I will admit some surprise to find that templating the post body is almost exactly 2x the time taken to parse the Markdown of the post body. Mistune is really spot on when making claims about the speed of performance.
In case you haven't spotted my mistake, and one that I am apparently paying quite dearly for - for each of the 37 posts, I am reloading the posts template which never changes. Obviously this should be loaded once within the class instead.
Applying the following patch:
diff --git a/static.py b/static.py
index f540e48..6480f21 100755
--- a/static.py
+++ b/static.py
@@ -36,0 +37,2 @@ class StaticGenerator():
+ self._env = Environment(loader=FileSystemLoader(self.config['templates_dir']))
+ self._post_template = self._env.get_template('post.html')
@@ -43,4 +45,2 @@ class StaticGenerator():
- def templatize_post(self, post_obj, template_name='post.html'):
- env = Environment(loader=FileSystemLoader(self.config['templates_dir']))
- template = env.get_template(template_name)
- return template.render(post=post_obj)
+ def templatize_post(self, post_obj):
+ return self._post_template.render(post=post_obj)
Results in the following improvement.
$ kernprof -l -v ../static/static.py
Wrote profile results to static.py.lprof
Timer unit: 1e-06 s
Total time: 0.257144 s
File: ../static/static.py
Function: create_posts at line 105
Line # Hits Time Per Hit % Time Line Contents
==============================================================
115 37 155833 4211.7 60.6 post['body'] = self.markdown(post['body'])
116 37 11963 323.3 4.7 templated_html = self.templatize_post(post)
$ python -m cProfile -s cumulative ../static/static.py
287730 function calls (280991 primitive calls) in 0.411 seconds
Ordered by: cumulative time
ncalls tottime percall cumtime percall filename:lineno(function)
79/1 0.007 0.000 0.411 0.411 {built-in method builtins.exec}
1 0.000 0.000 0.411 0.411 static.py:18(<module>)
1 0.001 0.001 0.214 0.214 static.py:105(create_posts)
167 0.147 0.001 0.147 0.001 {built-in method io.open}
37 0.000 0.000 0.121 0.003 mistune.py:971(__call__)
37 0.000 0.000 0.121 0.003 mistune.py:981(parse)
37 0.001 0.000 0.117 0.003 mistune.py:1023(output)
76/10 0.000 0.000 0.090 0.009 <frozen importlib._bootstrap>:966(_find_and_load)

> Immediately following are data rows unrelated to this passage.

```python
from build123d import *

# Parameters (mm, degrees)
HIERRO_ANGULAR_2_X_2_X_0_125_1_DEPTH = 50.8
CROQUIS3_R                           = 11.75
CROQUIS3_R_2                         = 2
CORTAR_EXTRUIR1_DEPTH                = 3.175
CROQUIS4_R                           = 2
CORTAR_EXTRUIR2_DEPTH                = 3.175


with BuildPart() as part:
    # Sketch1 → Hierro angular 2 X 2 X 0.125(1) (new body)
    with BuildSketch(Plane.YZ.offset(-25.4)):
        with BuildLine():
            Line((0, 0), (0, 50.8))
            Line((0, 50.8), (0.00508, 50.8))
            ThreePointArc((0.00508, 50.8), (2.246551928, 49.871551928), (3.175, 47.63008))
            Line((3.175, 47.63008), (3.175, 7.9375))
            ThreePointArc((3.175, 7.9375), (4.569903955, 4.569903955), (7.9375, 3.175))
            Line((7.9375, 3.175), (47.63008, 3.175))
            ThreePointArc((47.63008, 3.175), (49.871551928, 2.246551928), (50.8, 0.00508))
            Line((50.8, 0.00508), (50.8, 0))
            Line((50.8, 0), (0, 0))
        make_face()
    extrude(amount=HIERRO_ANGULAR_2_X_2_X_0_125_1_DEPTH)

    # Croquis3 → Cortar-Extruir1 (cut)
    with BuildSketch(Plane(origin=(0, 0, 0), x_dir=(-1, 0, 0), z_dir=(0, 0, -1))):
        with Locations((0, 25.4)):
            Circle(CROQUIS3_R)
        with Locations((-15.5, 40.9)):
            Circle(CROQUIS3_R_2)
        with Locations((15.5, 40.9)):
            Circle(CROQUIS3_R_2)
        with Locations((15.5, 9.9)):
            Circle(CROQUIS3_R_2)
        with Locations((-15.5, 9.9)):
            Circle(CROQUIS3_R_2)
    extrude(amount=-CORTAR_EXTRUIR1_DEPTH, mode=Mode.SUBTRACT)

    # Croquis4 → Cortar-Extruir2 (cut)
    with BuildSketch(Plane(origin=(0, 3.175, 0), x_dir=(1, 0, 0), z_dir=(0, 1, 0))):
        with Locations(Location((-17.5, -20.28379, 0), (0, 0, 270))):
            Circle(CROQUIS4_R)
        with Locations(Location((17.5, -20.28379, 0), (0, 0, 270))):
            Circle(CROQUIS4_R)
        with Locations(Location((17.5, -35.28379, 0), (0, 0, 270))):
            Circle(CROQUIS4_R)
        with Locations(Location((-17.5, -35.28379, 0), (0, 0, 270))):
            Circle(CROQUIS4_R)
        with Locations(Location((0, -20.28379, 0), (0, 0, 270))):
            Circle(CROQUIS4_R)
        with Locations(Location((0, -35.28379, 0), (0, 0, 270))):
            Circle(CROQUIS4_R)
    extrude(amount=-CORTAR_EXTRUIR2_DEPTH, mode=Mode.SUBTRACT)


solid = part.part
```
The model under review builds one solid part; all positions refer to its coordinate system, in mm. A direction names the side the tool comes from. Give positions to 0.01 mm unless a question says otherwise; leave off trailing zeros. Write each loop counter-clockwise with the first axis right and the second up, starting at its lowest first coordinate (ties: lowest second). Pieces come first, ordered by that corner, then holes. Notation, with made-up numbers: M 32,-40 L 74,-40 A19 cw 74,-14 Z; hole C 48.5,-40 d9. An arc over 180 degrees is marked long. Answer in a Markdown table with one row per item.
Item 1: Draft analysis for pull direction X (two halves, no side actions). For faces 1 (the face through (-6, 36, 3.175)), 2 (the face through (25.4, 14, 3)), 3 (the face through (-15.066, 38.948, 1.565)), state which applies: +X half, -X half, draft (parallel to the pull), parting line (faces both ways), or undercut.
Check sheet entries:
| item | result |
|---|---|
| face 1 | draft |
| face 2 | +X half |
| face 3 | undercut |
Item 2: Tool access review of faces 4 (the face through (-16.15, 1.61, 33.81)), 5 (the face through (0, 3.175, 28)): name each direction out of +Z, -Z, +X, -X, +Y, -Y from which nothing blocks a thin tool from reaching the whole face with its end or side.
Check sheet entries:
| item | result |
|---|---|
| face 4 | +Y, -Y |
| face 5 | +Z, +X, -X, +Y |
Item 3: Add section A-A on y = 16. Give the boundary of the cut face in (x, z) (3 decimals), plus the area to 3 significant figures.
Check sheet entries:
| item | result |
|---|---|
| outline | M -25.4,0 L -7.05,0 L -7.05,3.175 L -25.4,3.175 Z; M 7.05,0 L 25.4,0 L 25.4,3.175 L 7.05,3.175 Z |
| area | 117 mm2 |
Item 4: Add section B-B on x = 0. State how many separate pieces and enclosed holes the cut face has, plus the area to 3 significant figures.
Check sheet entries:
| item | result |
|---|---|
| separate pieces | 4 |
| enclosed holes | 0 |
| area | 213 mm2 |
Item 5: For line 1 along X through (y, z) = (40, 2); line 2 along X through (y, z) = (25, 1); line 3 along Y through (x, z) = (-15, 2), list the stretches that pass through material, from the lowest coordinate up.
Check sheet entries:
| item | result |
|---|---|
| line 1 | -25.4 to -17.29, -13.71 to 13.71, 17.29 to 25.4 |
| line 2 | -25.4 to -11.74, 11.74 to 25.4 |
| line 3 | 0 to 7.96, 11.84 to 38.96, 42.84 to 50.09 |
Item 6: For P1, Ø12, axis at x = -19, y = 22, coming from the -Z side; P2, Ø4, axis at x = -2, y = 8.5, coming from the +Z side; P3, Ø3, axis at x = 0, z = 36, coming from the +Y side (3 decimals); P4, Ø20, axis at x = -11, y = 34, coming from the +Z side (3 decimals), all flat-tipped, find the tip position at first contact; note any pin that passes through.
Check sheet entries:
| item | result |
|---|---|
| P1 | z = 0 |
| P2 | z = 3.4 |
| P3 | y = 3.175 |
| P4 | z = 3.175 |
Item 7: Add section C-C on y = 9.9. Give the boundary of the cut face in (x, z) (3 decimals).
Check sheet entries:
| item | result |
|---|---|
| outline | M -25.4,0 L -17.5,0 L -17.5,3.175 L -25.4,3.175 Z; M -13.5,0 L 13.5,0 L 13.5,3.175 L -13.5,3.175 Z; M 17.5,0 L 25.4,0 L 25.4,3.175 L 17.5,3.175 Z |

76/10 0.000 0.000 0.090 0.009 <frozen importlib._bootstrap>:939(_find_and_load_unlocked)
73/10 0.000 0.000 0.088 0.009 <frozen importlib._bootstrap>:659(_load_unlocked)
57/10 0.000 0.000 0.088 0.009 <frozen importlib._bootstrap_external>:656(exec_module)
94/10 0.000 0.000 0.085 0.008 <frozen importlib._bootstrap>:214(_call_with_frames_removed)
1 0.000 0.000 0.078 0.078 static.py:60(copy_media)
...
It is easy to imagine this process scaling up with more "real world" projects along similar lines to my experience here. I am now left eyeing other potential areas for improvement based on the above information, like how 35% of the time is spent in file IO. I'll be weighing the potential benefits of adding a file cache to prevent regeneration of unchanged posts along with the complexity overhead that would necessarily accompany such a solution. For now, I am just really pleased I managed to claw back a 25% performance improvement in an evening.